HONG KONG (Reuters) - Asian insurer AIA Group Ltd (1299.HK: Quote) has emerged as the front-runner to buy ING's ING.AS Malaysia and Thailand insurance operations, sources with knowledge of the matter said, in a deal that could be worth about $2 billion.

AIA's purchase of ING's Southeast Asian business would be a key step forward in the Dutch group's long and complicated effort to auction off its Asia business.

"AIA has made some headway and they are already engaged with the regulators," said one person familiar with the discussions.

Malaysia and Thailand could be the first piece sold in ING's Asia divestment plan, which was launched earlier this year. ING originally had wanted to sell the whole Asia insurance operations, which has a book value of 6.1 billion euros ($7.8 billion), to one buyer.

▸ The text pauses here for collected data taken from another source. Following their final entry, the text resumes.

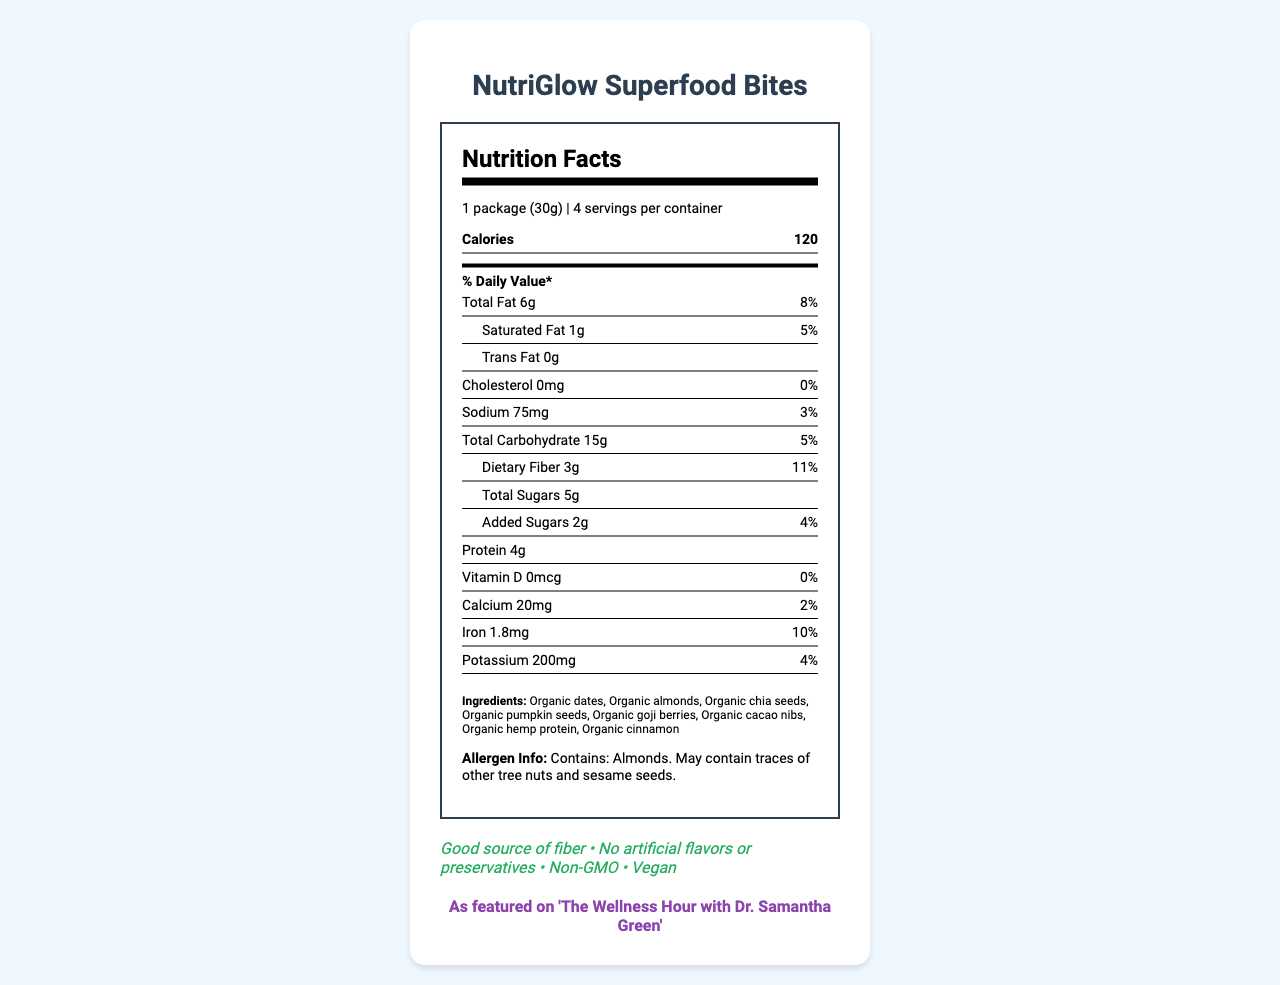what is the name of the product? The name of the product is prominently displayed at the top of the document.
Answer: NutriGlow Superfood Bites What is the serving size? The serving size is listed in the serving info section of the nutrition label as "1 package (30g)".
Answer: 1 package (30g) How many calories are in one serving? The nutrition label lists the calories per serving as 120.
Answer: 120 How much protein is in one serving? The nutrition facts indicate that there are 4g of protein per serving.
Answer: 4g Which ingredient is listed first in the ingredients list? The first item in the ingredients list is "Organic dates".
Answer: Organic dates What is the daily value percentage for dietary fiber? The daily value percentage for dietary fiber is indicated as 11% in the nutrition label.
Answer: 11% How much calcium is in one serving? The nutrition label lists calcium content as 20mg per serving.
Answer: 20mg Does the product contain any artificial flavors or preservatives? The health claims section states "No artificial flavors or preservatives".
Answer: No (Multiple choice) Which of the following health claims is NOT mentioned in the document? A. Organic B. Good source of fiber C. Non-GMO D. Vegan The document mentions "Good source of fiber", "Non-GMO", and "Vegan" but does not specifically mention the product being organic.
Answer: A (Multiple choice) How much iron is in one serving of NutriGlow Superfood Bites? I. 0.5mg II. 1.0mg III. 1.8mg IV. 2.5mg The nutrition label indicates that there is 1.8mg of iron per serving.
Answer: III (True/False) The packaging of NutriGlow Superfood Bites is made from recyclable material. The document states the packaging is "Eco-friendly, compostable wrapper" but does not mention it being recyclable.
Answer: False Summarize the main idea of the document. The document provides detailed nutritional information, ingredients, health claims, allergen info, target audience, and how the product will be integrated into a wellness segment on a talk show.
Answer: NutriGlow Superfood Bites are a healthy, nutrient-dense snack designed for health-conscious adults, offering benefits like high fiber content, no artificial ingredients, and eco-friendly packaging, with endorsement from a health-focused talk show. What is the total amount of added sugars in all servings of the package? The document only provides the amount of added sugars per serving (2g) but doesn't multiply it across all servings in the package.
Answer: Cannot be determined What age group is the target audience for this product? The target audience specified in the document is health-conscious adults aged 25-54.
Answer: 25-54 Which celebrity endorses the NutriGlow Superfood Bites? The celebrity endorsement section mentions that the product is featured on 'The Wellness Hour with Dr. Samantha Green'.
Answer: Dr. Samantha Green 
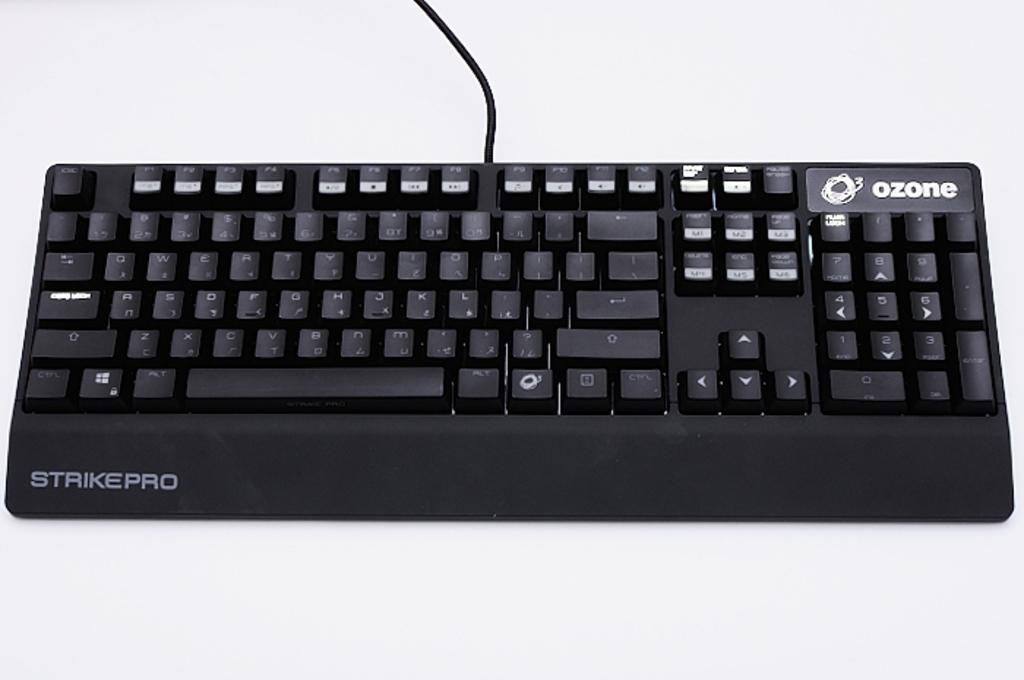What object is the main focus of the image? There is a keyboard in the image. What is the color of the keyboard? The keyboard is black in color. Where is the keyboard located in the image? The keyboard is placed on a table. Does the keyboard have a tail in the image? No, the keyboard does not have a tail in the image, as keyboards do not have tails. 
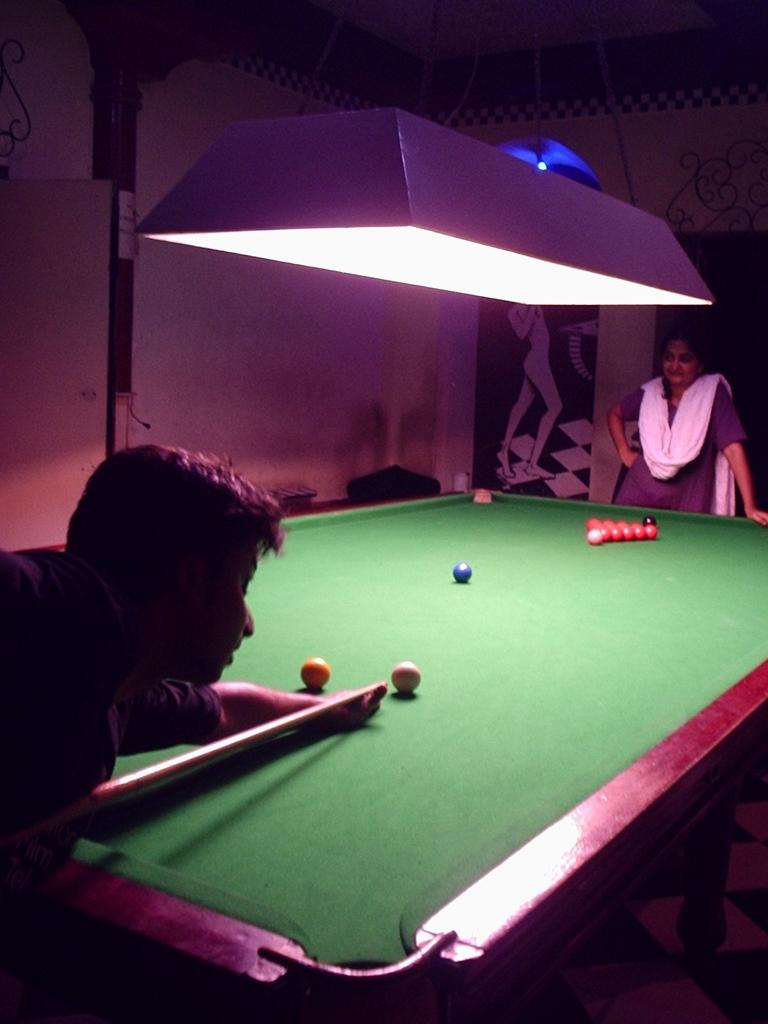What is happening at one end of the snookers table in the image? There is a woman standing at one end of the snookers table. What is the person at the other end of the table doing? The person is hitting a ball on the snookers table. What can be seen in the background of the image? There are posters and a light visible in the background. What type of marble is used to make the snookers table in the image? There is no information about the material used to make the snookers table in the image. Can you tell me how many buttons are on the woman's shirt in the image? There is no information about the woman's shirt or the presence of buttons in the image.

Hopes for that, however, faded after ING failed to attract a suitor for the entire Asian piece, forcing the company to auction off its Asia group in parts.

ING officially launched the sale of its Asian insurance and asset management operations in March, though the process was long in the making. ING has been forced to sell assets after it was rescued by the Dutch government with a 10 billion euros ($12.8 billion) bailout during the 2008 financial crisis.

AIA is a former unit of U.S. insurer AIG (AIG.N: Quote), itself the recipient of a 2008 government bailout, which at one point ballooned to $182 billion. AIA, dragged down by AIG's woes, was spun off from its parent in a 2010 IPO.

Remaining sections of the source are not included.